He had also said in one of the concalls 2-3 qtrs ago that the working capital increase which has impacted cash flow will reverse in the coming FY, we should see positive OCF again in 6 monthly statement. Nevertheless we should ask about this in next concall to have 100% clarity. Hope this helps.


Average expected loss rate has decreased as a trend, still doesn’t answer what you pointed out and should be clarified on call.

But, as receivables took a jump, this might show the current average expected loss rate lower

Just an Observation


Gufic Biosciences was founded in 1970 as an injectable manufacturer (lyophilisation) and then exited API & formulations business by selling its top 6 brands to Ranbaxy in 1997. It re-entered formulation in 2007. It is a R&D focused pharma company (8-10% of revenue) whose business is distributed as such

Domestic Branded segment: 50% revenue with Gross margins 55-60%. Engaged primarily in critical care (life-death operation), Infertility, among others.

Contract Manufacturing (30% revenue contribution at 30% margins) of lyophilised formulations for all top pharma cos of India (one time 170cr topline jump in FY22 earnings for Remdesivir)
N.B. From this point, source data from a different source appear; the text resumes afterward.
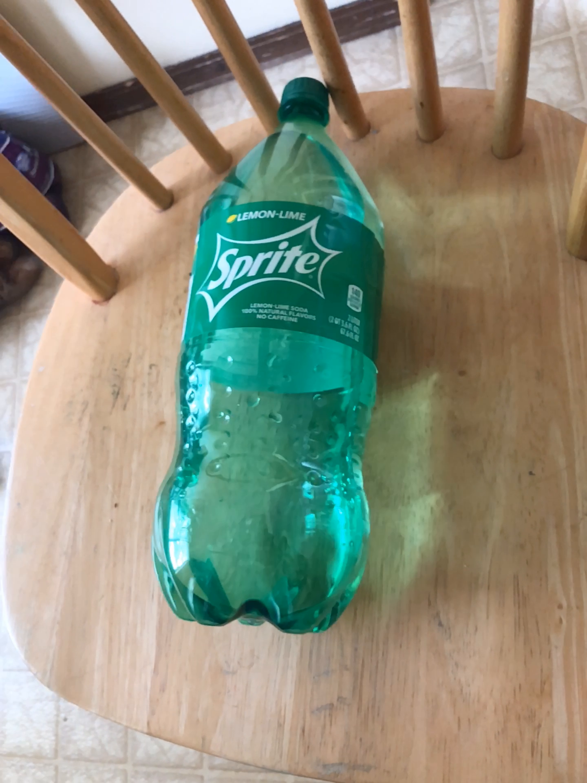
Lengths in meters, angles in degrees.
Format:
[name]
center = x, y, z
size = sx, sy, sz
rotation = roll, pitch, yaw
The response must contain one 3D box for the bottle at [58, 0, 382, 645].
[bottle]
center = -0.017, -0.037, 0.336
size = 0.110, 0.110, 0.300
rotation = 0, 73, 12
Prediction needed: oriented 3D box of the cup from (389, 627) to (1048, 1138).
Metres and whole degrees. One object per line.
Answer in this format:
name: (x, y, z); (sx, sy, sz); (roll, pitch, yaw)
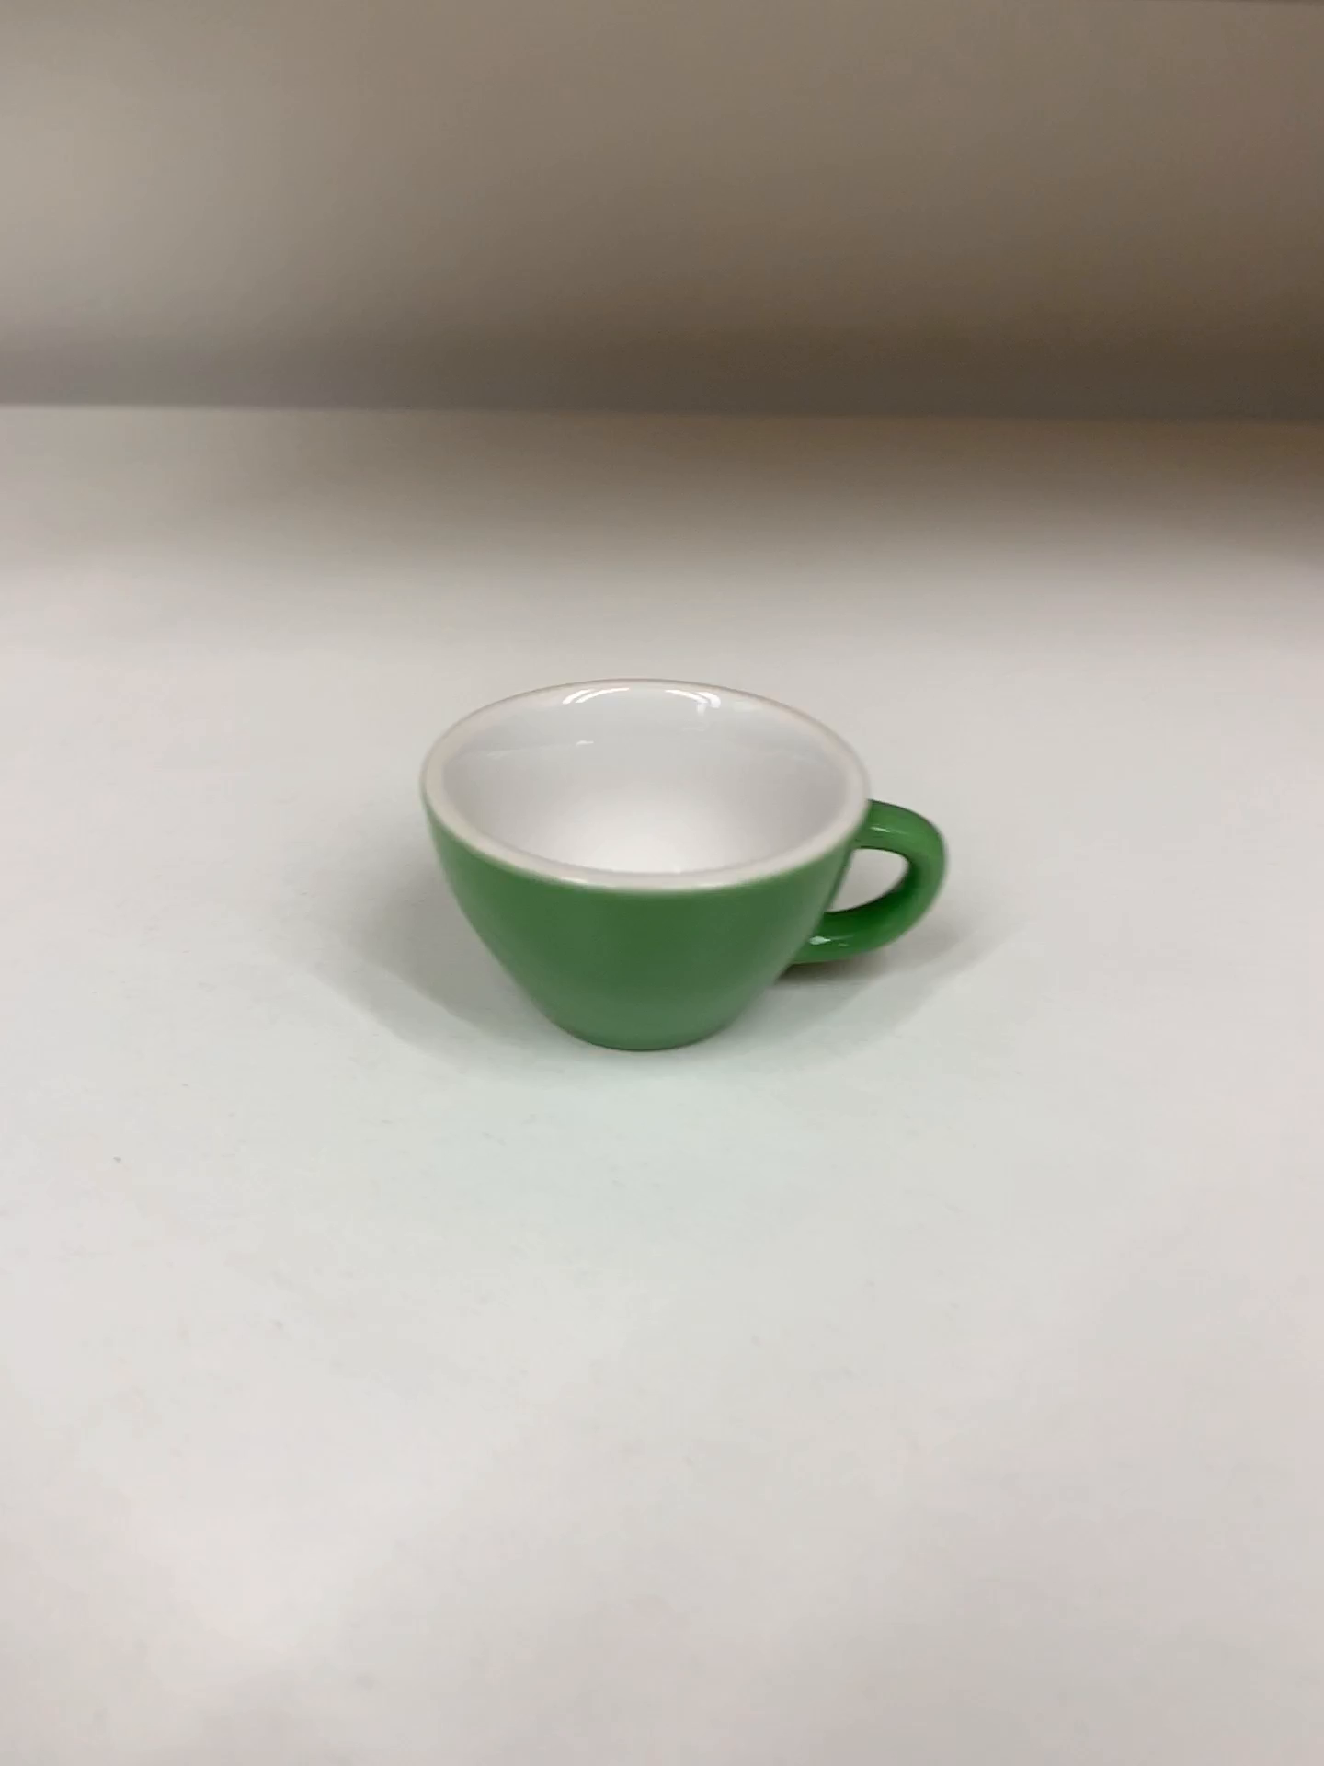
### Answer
cup: (0.004, -0.003, 0.182); (0.070, 0.040, 0.060); (-1, 33, -3)
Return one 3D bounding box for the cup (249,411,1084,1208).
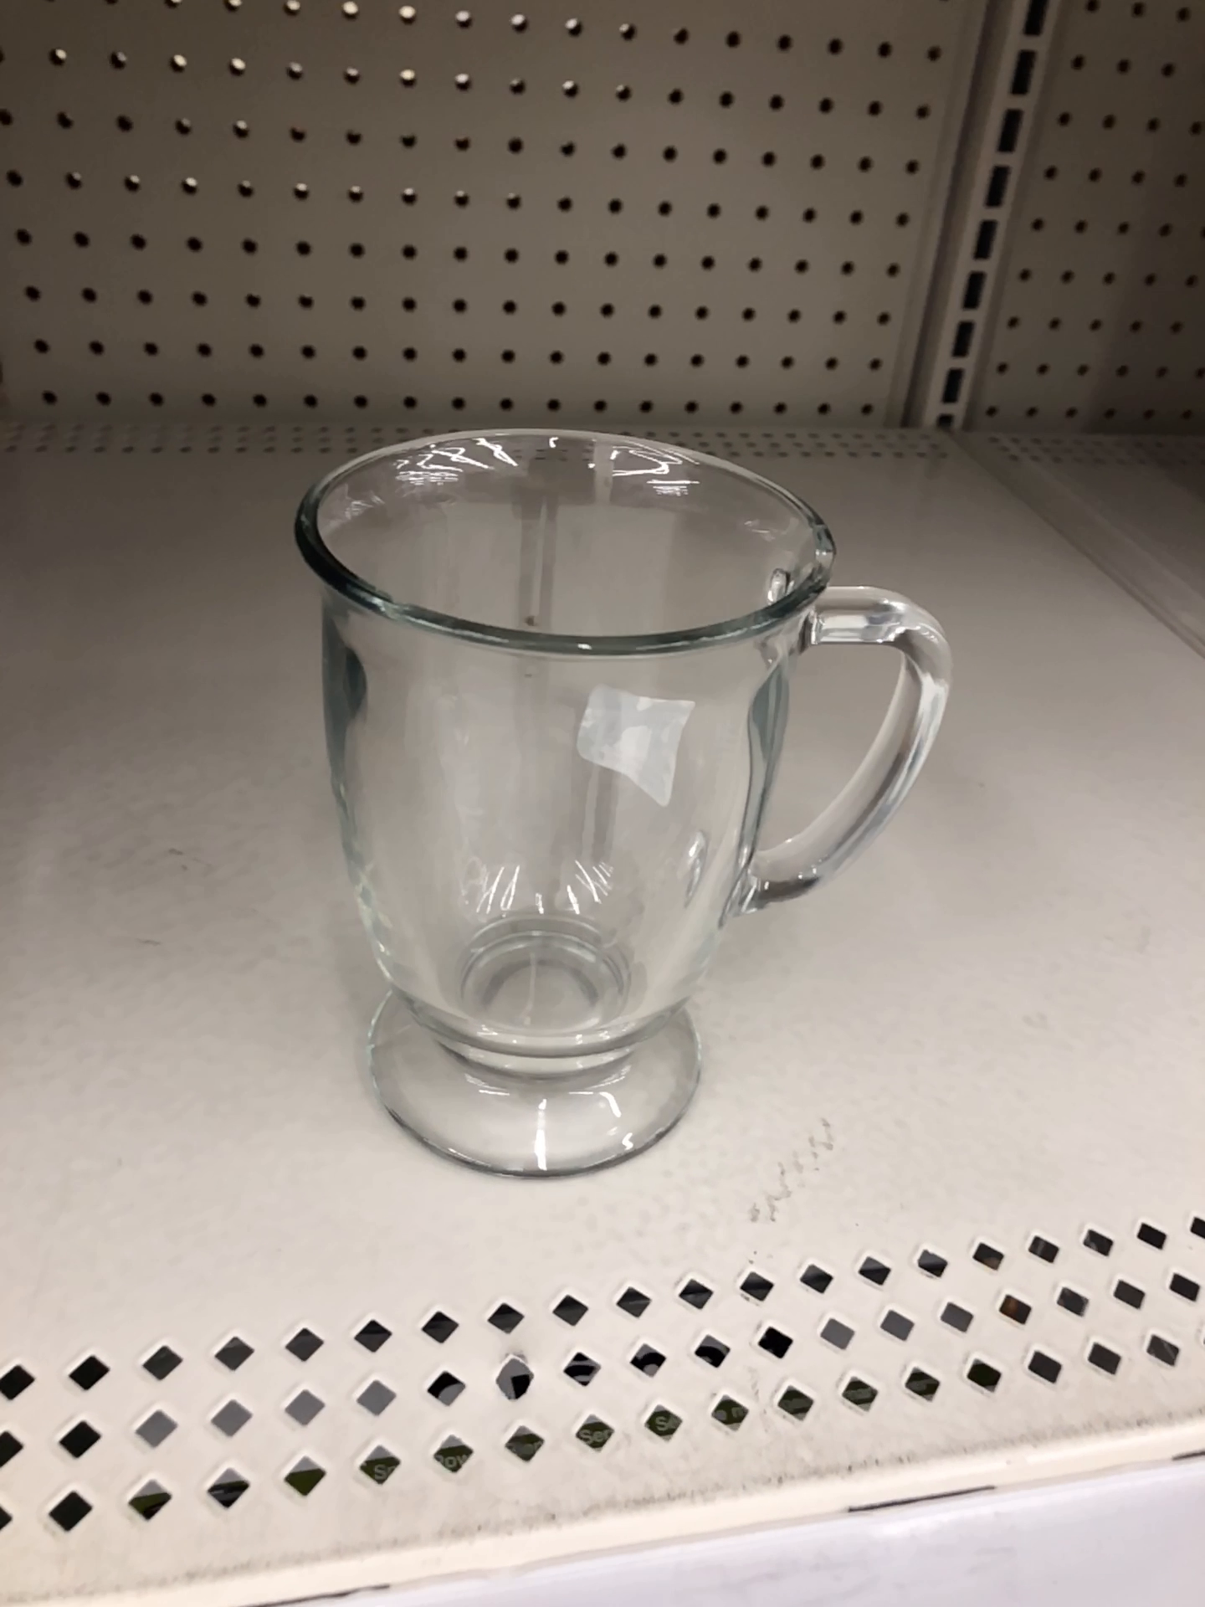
[{"bbox_3d":[0.001,-0.005,0.295,0.138,0.128,0.110,-3,34,-11],"label":"cup"}]
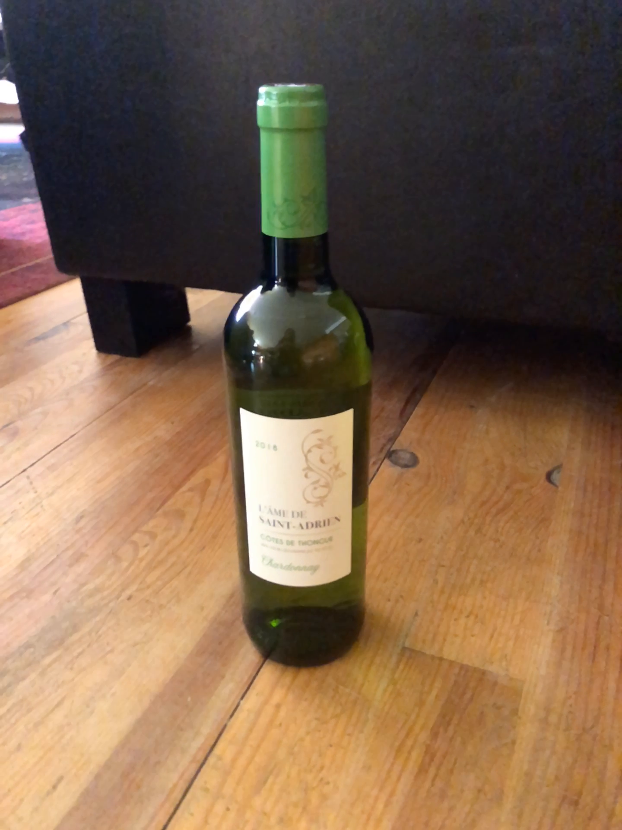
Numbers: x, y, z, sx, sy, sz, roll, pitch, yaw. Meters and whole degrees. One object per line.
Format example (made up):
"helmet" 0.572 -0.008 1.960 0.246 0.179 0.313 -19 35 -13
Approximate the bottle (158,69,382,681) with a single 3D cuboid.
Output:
"bottle" -0.007 -0.006 0.346 0.080 0.298 0.080 -2 28 1
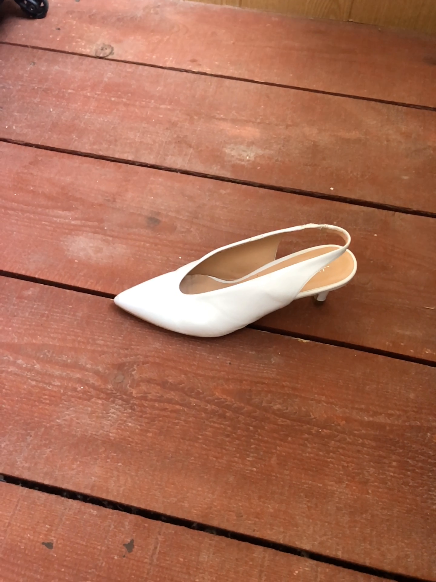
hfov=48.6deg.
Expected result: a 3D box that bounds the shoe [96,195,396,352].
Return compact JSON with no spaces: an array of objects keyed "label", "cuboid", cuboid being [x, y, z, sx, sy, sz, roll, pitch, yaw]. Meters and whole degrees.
[{"label":"shoe","cuboid":[0.020,-0.015,0.445,0.240,0.080,0.100,-4,59,-2]}]
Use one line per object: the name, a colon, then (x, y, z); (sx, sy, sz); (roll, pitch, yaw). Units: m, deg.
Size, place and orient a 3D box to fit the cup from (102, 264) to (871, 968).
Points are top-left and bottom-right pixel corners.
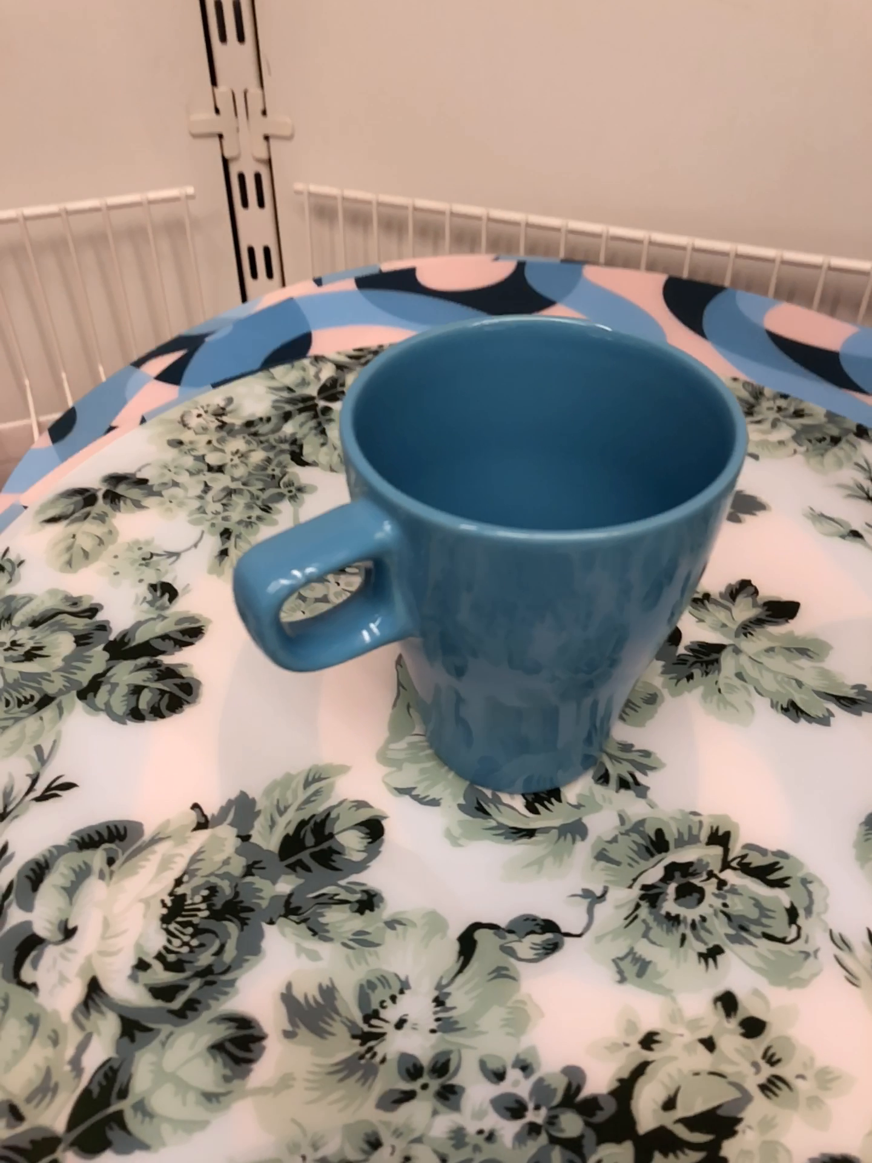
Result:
cup: (0.010, -0.004, 0.214); (0.120, 0.080, 0.090); (-26, 45, -28)
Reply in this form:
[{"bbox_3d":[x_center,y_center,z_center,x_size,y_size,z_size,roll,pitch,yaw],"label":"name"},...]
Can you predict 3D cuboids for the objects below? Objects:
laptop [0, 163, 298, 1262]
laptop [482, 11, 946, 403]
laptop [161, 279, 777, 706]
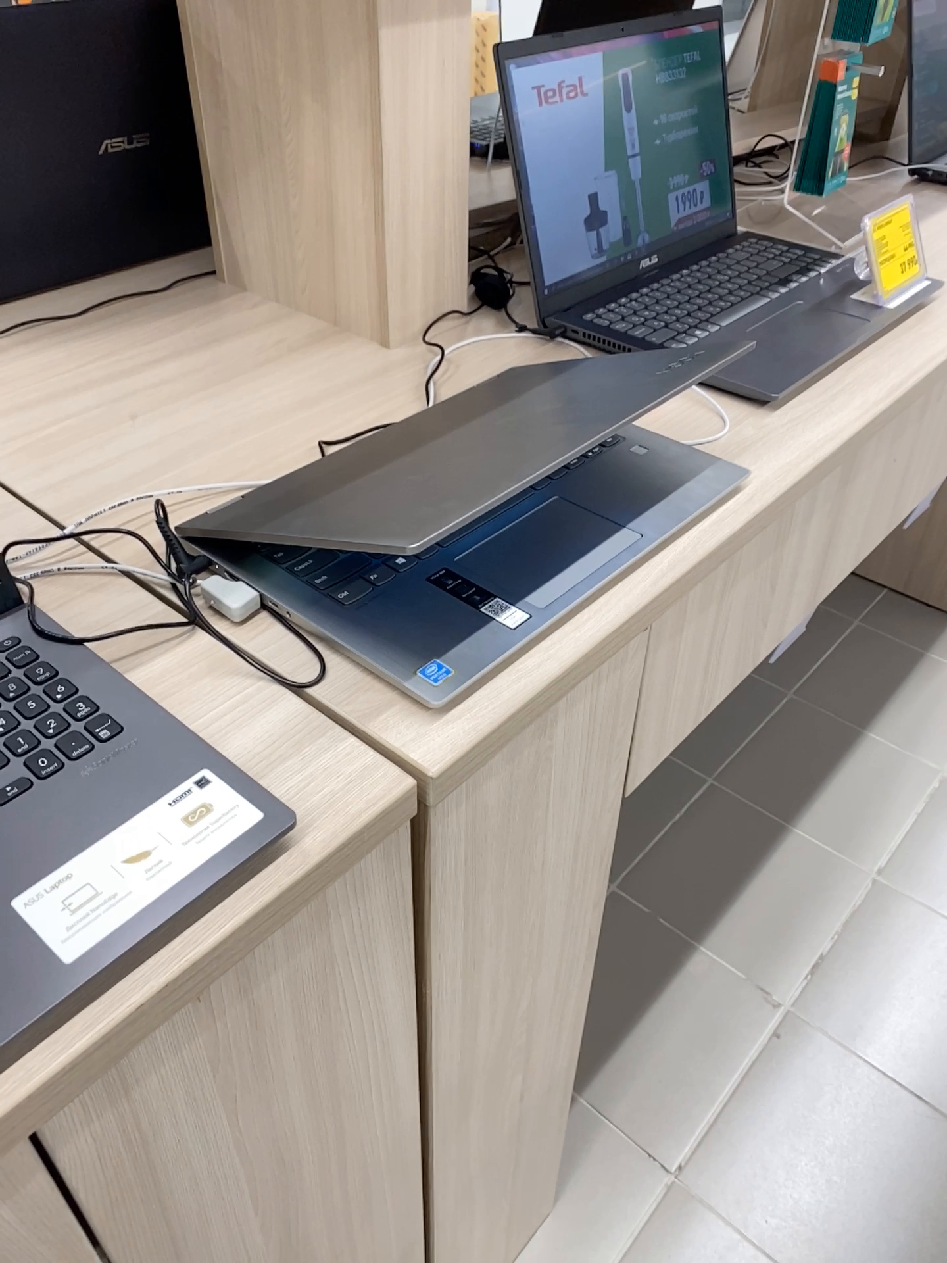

Exports (15% revenue contribution) to mainly developing countries and few developed markets like Germany and Switzerland

API (5% revenue contribution) 50% is captive consumption reducing dependence on Chinese APIs.

My understanding is the company primarily runs CMO business along with branded segments as cash cows to fund extensive R&D expenditure. Both father-son duo and rest of the management are experienced & educated in pharma. Son (CEO) studied at John Hopkins (World rank 1 in biotech).

Moat: Pioneering new technologies (drugs and drug delivery systems)

They have consistently brought new technology to India. Lyophilisation is the process of freeze-drying liquid injectable formulation to powder form for easy transport. They were pioneers in this tech but it is now a commoditized market so they are investing in scale- one of the largest lyophilisation capacities in the world. Similarly they are the only Indian co to have got a licence to handle Botulinum Toxin and made a product as effective as Botox (Very toxic).

Key Thesis Pointers

Company just finished a huge capex, new lyophilsation factory will start in September. Operating leverage will begin to play out and management consistently tries to do backward integration (captive API production, CEO mulled making plastic bags for dual-bag chamber tech in the future in concall).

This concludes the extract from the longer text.